Category Archives: essay

One more fugitive angel…

Yet Another Angel's Vacation

 

I must have prodigal angels on my mind.

Last night I saw For Heaven’s Sake, one of those 40’s movies (actually 1950) featuring exceedingly human angels. Like Jack Benny in The Horn Blows at Midnight, Clifton Webb’s angel is a foul-up, to put it delicately.

Benny is sent to earth to sound the final trumpet blast that will signal the end of earth — a minor planet that’s been more trouble than it’s worth for far too long, according to Benny’s immediate heavenly superior — but he misses the beat (the horn has to sound at midnight, exactly) because he stops to save a pretty young suicide.

Webb’s assignment is far less epochal… he’s sent to arrange for the conception (hinted at by references to champagne and romantic music as precursors to the crux of the mission) of a young girl who has been waiting patiently for her childless, show biz couple prospective parents to make the move. (Strikingly, for the era — but subtly, nonetheless — it’s also hinted that the couple has been using birth control — of some form controlled by the wife — to wait for a convenient time to start the family. Although Bob Cummings as the Broadway producer prospective dad seems so thoroughly distracted that he barely seems to be aware of his wife as anything but the longtime leading lady of his plays…)

Anyhow, where was I?

Ah, yes, Clifton Webb’s angel assumes the role of a drawling Texas millionaire who can be enticed into bankrolling the couple’s next play — but the part takes over the angel actor and he quickly devolves into a big spending bon vivant, completely bollixing heaven’s plans for the little girl’s birth. In the end, it’s only her offer to return to heaven to salvage Webb’s angelic career that gets him to resynch with his angelic dharma and light a fire under the reluctant couple.

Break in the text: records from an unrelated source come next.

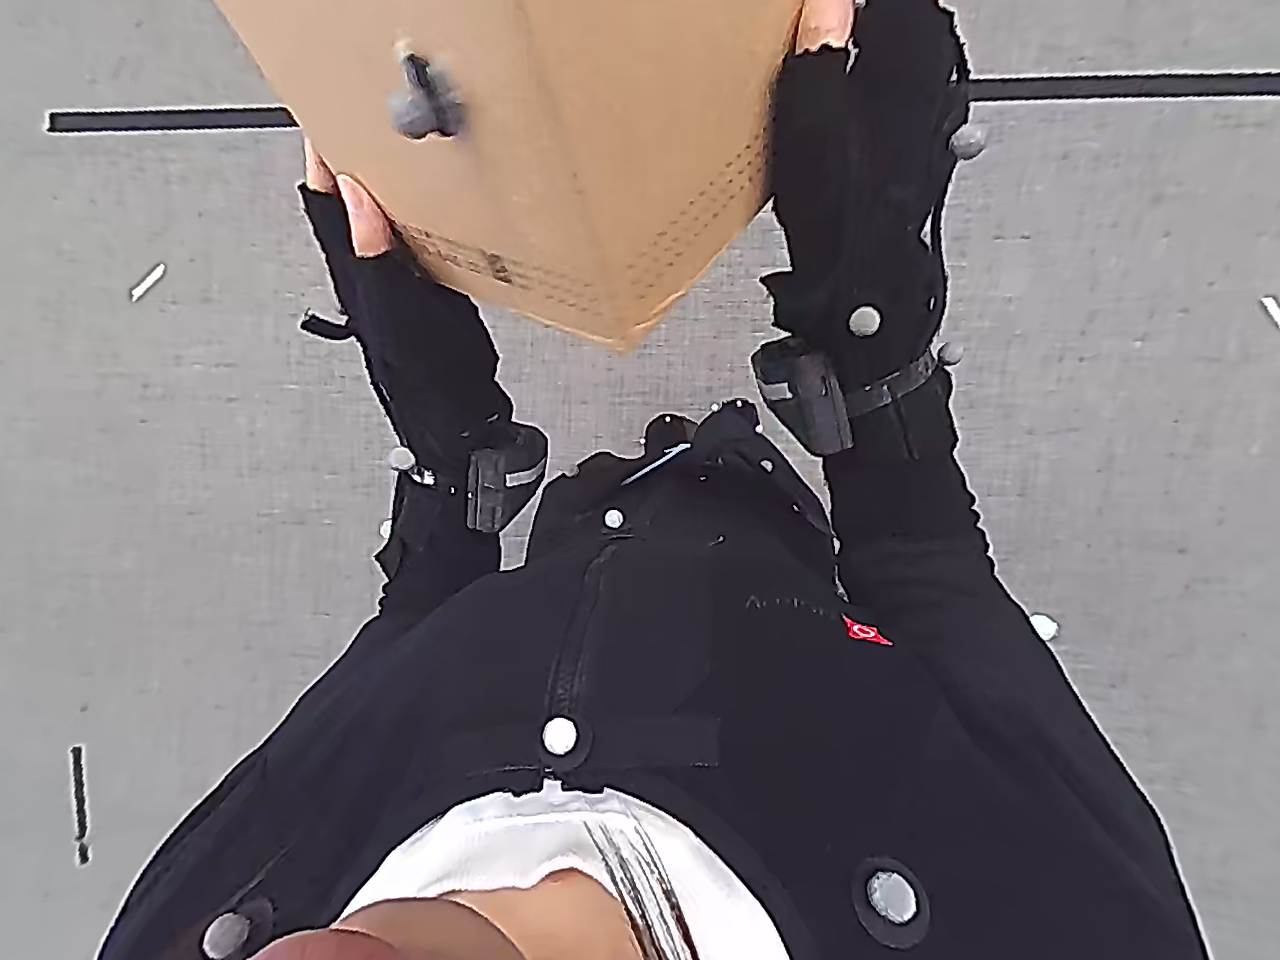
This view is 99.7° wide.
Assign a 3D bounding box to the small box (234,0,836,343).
[{"bbox_3d":[-0.033,-0.185,0.215,0.168,0.176,0.179,31,70,31],"label":"small box"}]
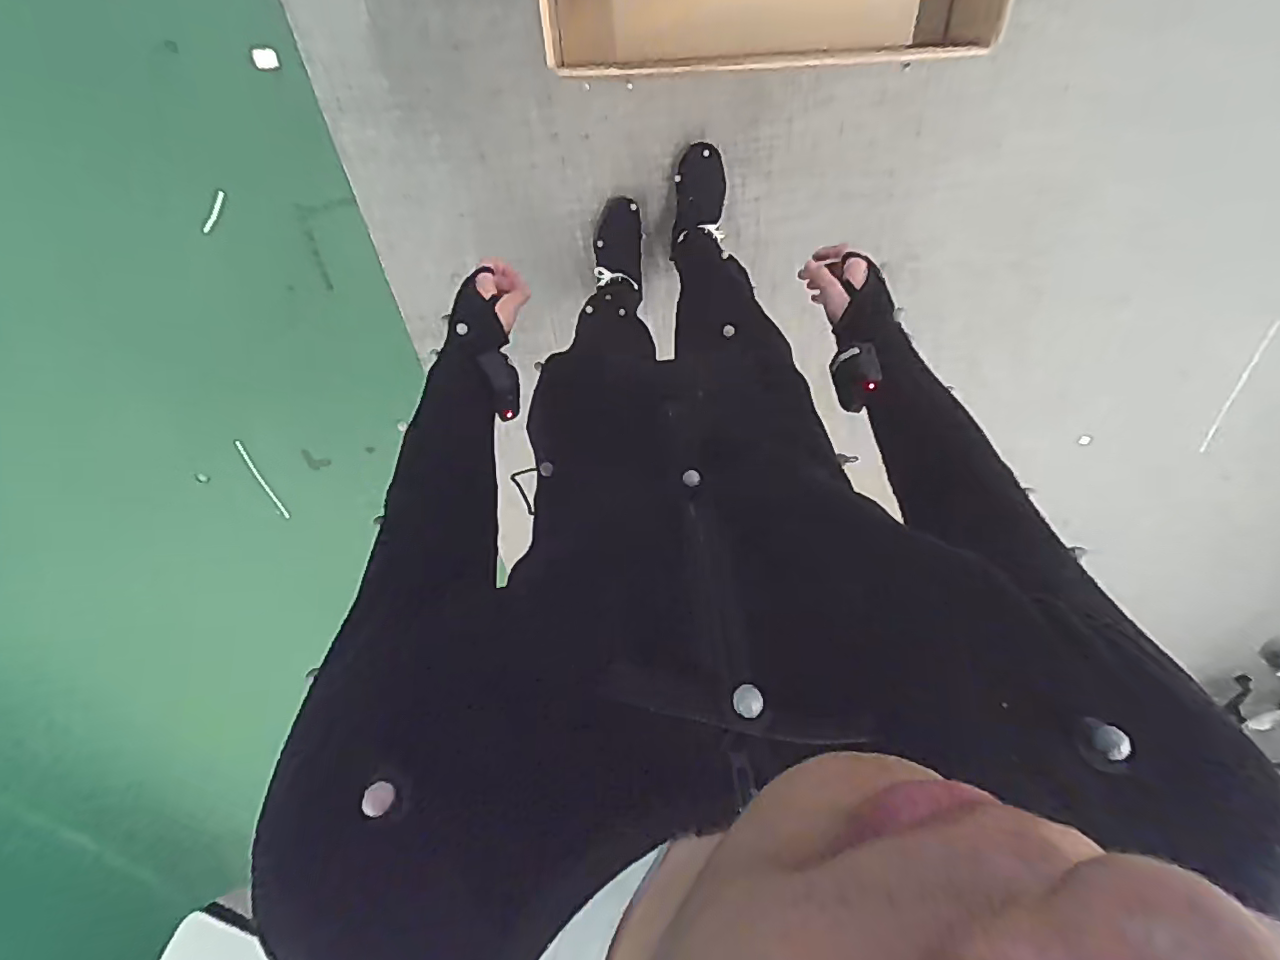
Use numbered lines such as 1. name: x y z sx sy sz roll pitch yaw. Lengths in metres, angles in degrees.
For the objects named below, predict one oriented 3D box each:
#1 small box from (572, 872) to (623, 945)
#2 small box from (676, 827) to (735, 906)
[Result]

Anyhow, there’s a metaphor there, somewhere, that’s talking to me right now but I’ll be damned if I can explain it all, really.

The version of “Angel’s Vacation” below was recorded only an hour or two before Tuesday’s entirely different version.

Internet Archive page for this song (multiple formats/streams)

previous AYoS version (1)
previous AYoS version (2)

ANGEL’S VACATION

He tried to do what was right
but it always turned out wrong
the heavenly host was not impressed
and he had to blow out of town

he came down to earth near Phoenix
in the middle of the summertime
he walked to the first bar he saw
and ordered whiskey, beer, and wine

An angel came down from heaven
hoping to get away
he stewed in the hotel bar all night
and baked by the pool all day

He pushed the desk clerk to a breakdown
and drove the other guests away
he punched out the hotel detective
and ran off with the pretty dark eyed maid

They laid out on the lam for 40 days and nights
and on the 41st they had to rest
the pretty dark eyed maid was all worn out
and the angel was scared to death

he knew they’d have no trouble tracking him down
angels have this certain glow
and when they tell you it’s time to leave,
by God, then it’s time to go

An angel came down from heaven
hoping to get away
he stewed in the hotel bar all night
and baked by the pool all day

(C)1990,2005, TK Major

[related song: Goin’ Home ]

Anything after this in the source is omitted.